First off, apologies for the hastily drawn graphic
Site structure. In its simples form when building a site think of how you build a house of cards (HOC) (bad analogy I know, but structure wise it is right)
Say there was a house of cards, 3 on the bottom then 2 with 1 little triangle on top. If you asked people to point at the most important triangle, they point to the top one! (1) fig 'A'
Now hold that thought, build another identical HOC next to it (2) . We now have TWO equally important triangles, 1 at the top of each HOC.
NOW imagine you placed a piece of rigid card between them, and built another HOC between the two, but only one single triangle (3). So now you have 2 HOC's supporting the one above it. fig'B'
NOW when asked to point to the most important one, you ignore the two you previously pointed to, and immediately point to the one at the very top.
Take it further and add more single triangles below (3) but with no triangles below them fig'C' . Now point to the triangles in order of importance, and you will think that 3 is the most important followed by 1&2, probably followed by the triangles with no numbers, and lastly, 4.5.6 &7.
Same with well structured sites. Each HOC represents a folder, each of those card that built the HOC represent web pages on the topic. The page at the top of each HOC is the most important for that topic (index page where all the other pages in the folder link to.)
Pages within the folder will cross link with each other, but rarely with pages in other folders, but ALWAYS to the index page of their folder, and the main site index page making IT the most important on the theme of the site.

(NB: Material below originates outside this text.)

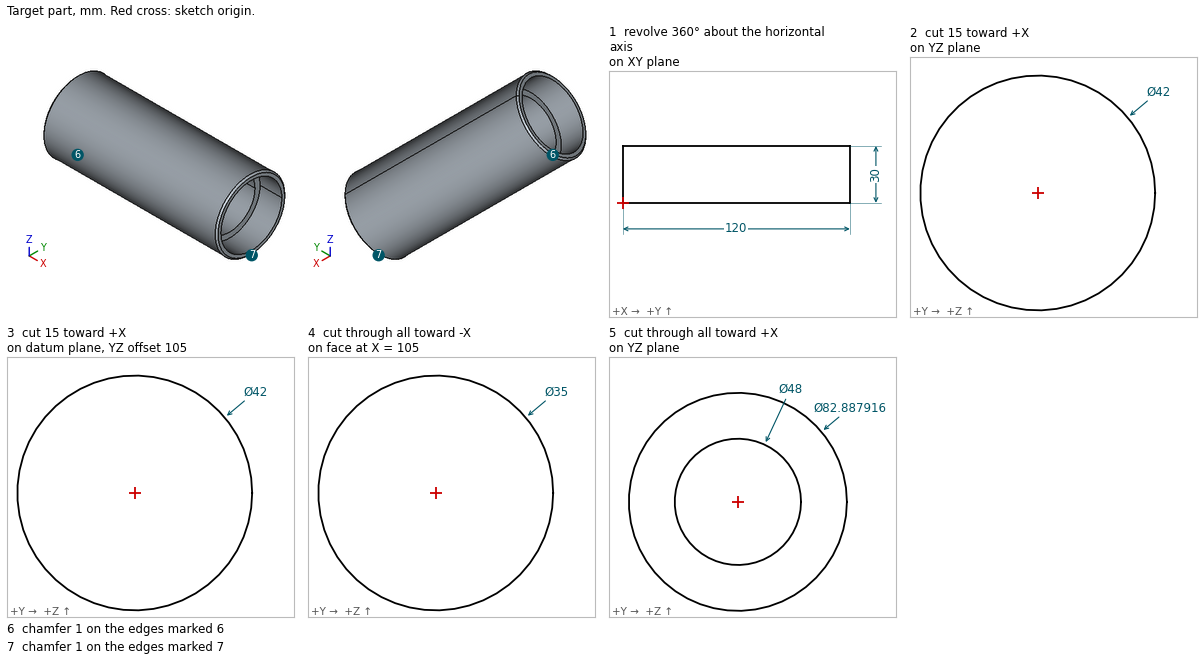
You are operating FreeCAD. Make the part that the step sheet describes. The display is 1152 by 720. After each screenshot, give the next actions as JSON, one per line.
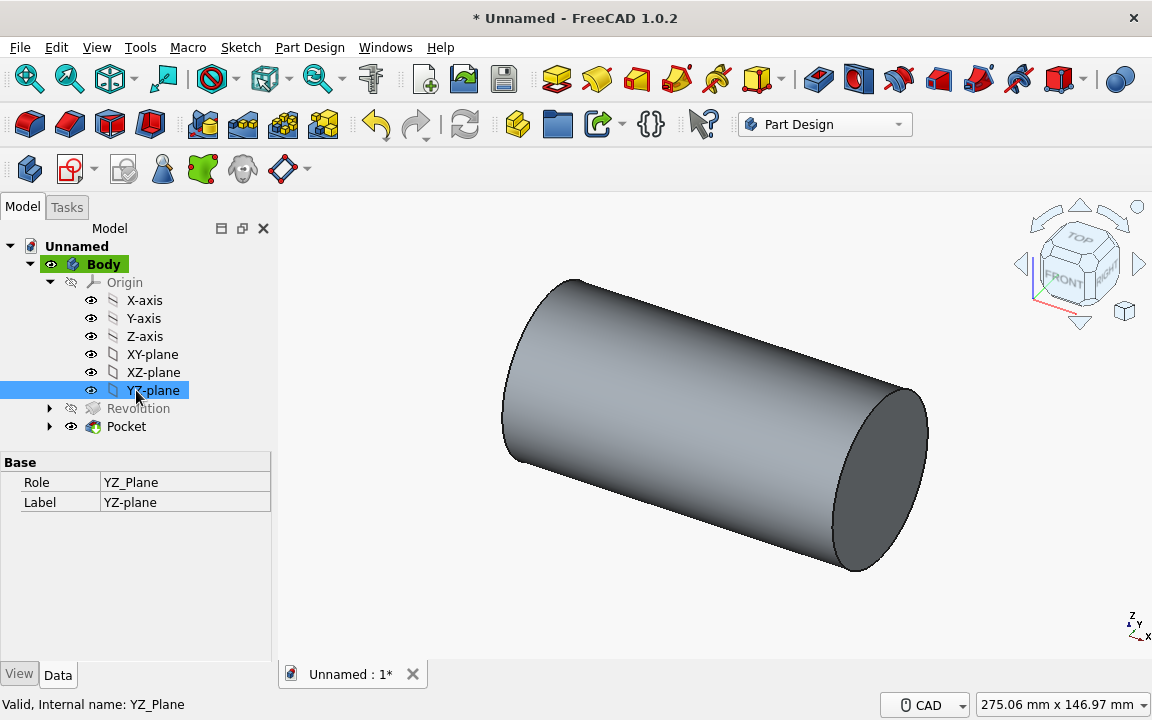
{"action": "left_click", "coordinate": [284, 170]}

This is what creates the correct hierarchy within the site, it is how link juice flows within the site, and it helps to sub niche areas within your site. AND, once you become an authority for a phrase, it will be the main index pages that become your sitelinks on a Google SERP
Now if your site is about cars. and uyou have a folder for each manufacturer, and within that folder you have models, and below them you have repairing / history/ photographs etc. Then the page the search engines return might be the homepage of the folder that houses all that information about the XJS, BECAUSE it is in a folder about jaguar, and is cross lnking within that folder conrtextually to semantically related pages.
This WAS to be a blog post, but looks like I have just scuppered my doing that

I might blog it though and then link from here.)